The data below holds a line containing "Short answer required. Minnesota." and a line containing "Quick response, please. 43-45."; please quote exactly those two lines and every line between them, and nothing else.

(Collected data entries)
|---|

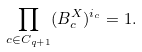<formula> <loc_0><loc_0><loc_500><loc_500>\prod _ { c \in C _ { q + 1 } } ( B _ { c } ^ { X } ) ^ { i _ { c } } = 1 .</formula> 
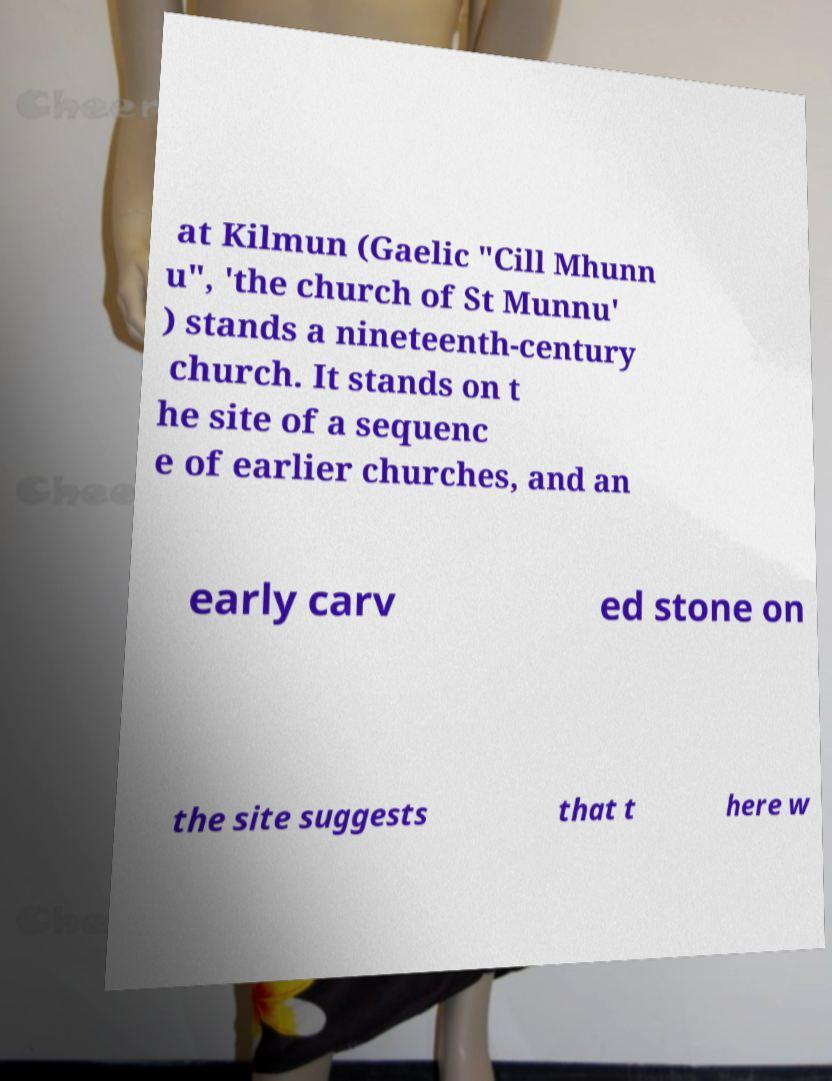I need the written content from this picture converted into text. Can you do that? at Kilmun (Gaelic "Cill Mhunn u", 'the church of St Munnu' ) stands a nineteenth-century church. It stands on t he site of a sequenc e of earlier churches, and an early carv ed stone on the site suggests that t here w 
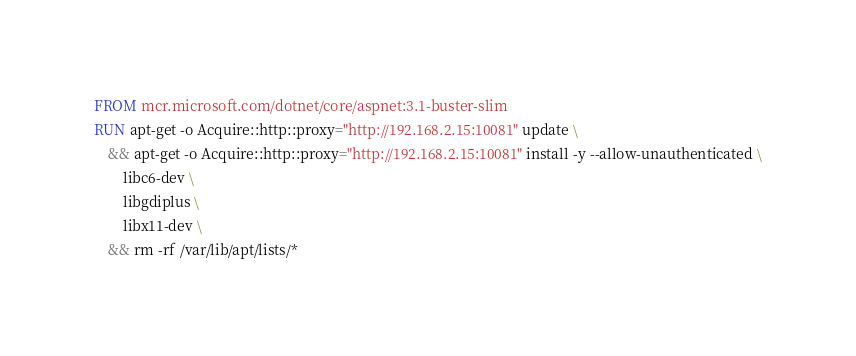<code> <loc_0><loc_0><loc_500><loc_500><_Dockerfile_>FROM mcr.microsoft.com/dotnet/core/aspnet:3.1-buster-slim
RUN apt-get -o Acquire::http::proxy="http://192.168.2.15:10081" update \
    && apt-get -o Acquire::http::proxy="http://192.168.2.15:10081" install -y --allow-unauthenticated \
        libc6-dev \
        libgdiplus \
        libx11-dev \
    && rm -rf /var/lib/apt/lists/*</code> 
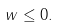Convert formula to latex. <formula><loc_0><loc_0><loc_500><loc_500>w \leq 0 .</formula> 
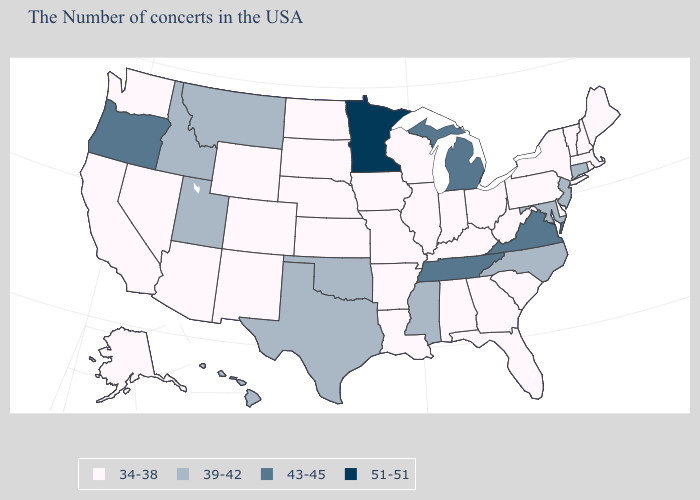What is the lowest value in the Northeast?
Be succinct. 34-38. Name the states that have a value in the range 39-42?
Give a very brief answer. Connecticut, New Jersey, Maryland, North Carolina, Mississippi, Oklahoma, Texas, Utah, Montana, Idaho, Hawaii. Which states hav the highest value in the MidWest?
Short answer required. Minnesota. Name the states that have a value in the range 39-42?
Quick response, please. Connecticut, New Jersey, Maryland, North Carolina, Mississippi, Oklahoma, Texas, Utah, Montana, Idaho, Hawaii. What is the value of South Carolina?
Keep it brief. 34-38. What is the value of Tennessee?
Give a very brief answer. 43-45. What is the value of Tennessee?
Quick response, please. 43-45. What is the value of Iowa?
Give a very brief answer. 34-38. What is the lowest value in states that border Connecticut?
Keep it brief. 34-38. What is the value of Texas?
Answer briefly. 39-42. Does Maine have a lower value than Texas?
Short answer required. Yes. Name the states that have a value in the range 51-51?
Write a very short answer. Minnesota. Does Virginia have the lowest value in the USA?
Concise answer only. No. Which states hav the highest value in the MidWest?
Give a very brief answer. Minnesota. Is the legend a continuous bar?
Write a very short answer. No. 
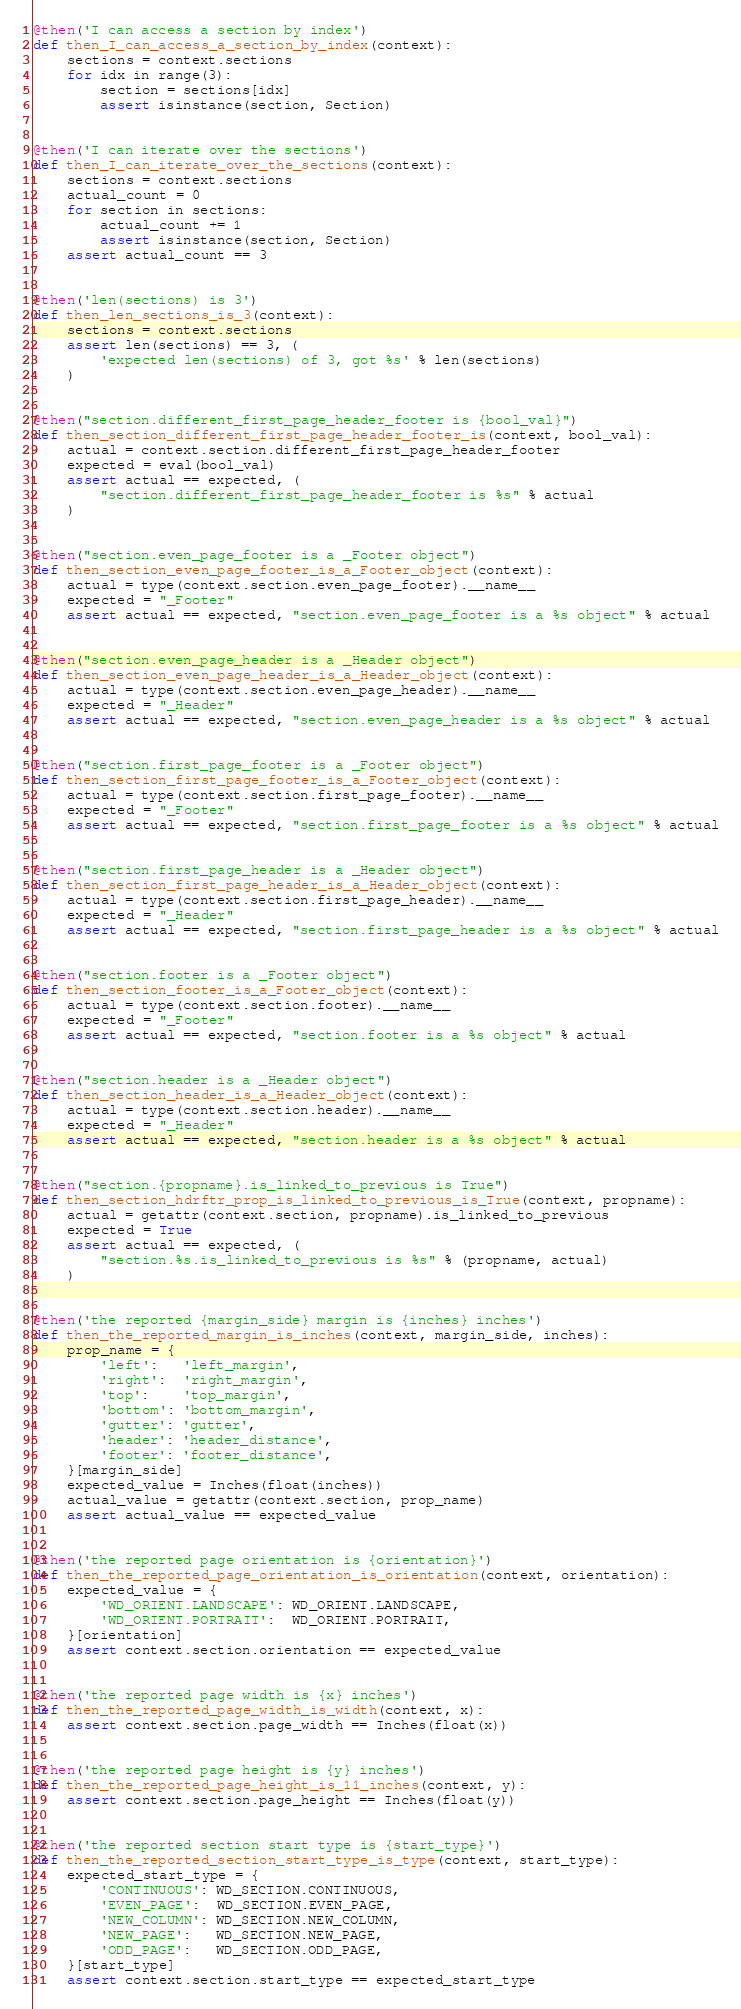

|---|

## TASK SOLUTION
Short answer required. Minnesota. Name the states that have a value in the range 39-42?
Quick response, please. Connecticut, New Jersey, Maryland, North Carolina, Mississippi, Oklahoma, Texas, Utah, Montana, Idaho, Hawaii. What is the value of South Carolina?
Keep it brief. 34-38. What is the value of Tennessee?
Give a very brief answer. 43-45. What is the value of Tennessee?
Quick response, please. 43-45. What is the value of Iowa?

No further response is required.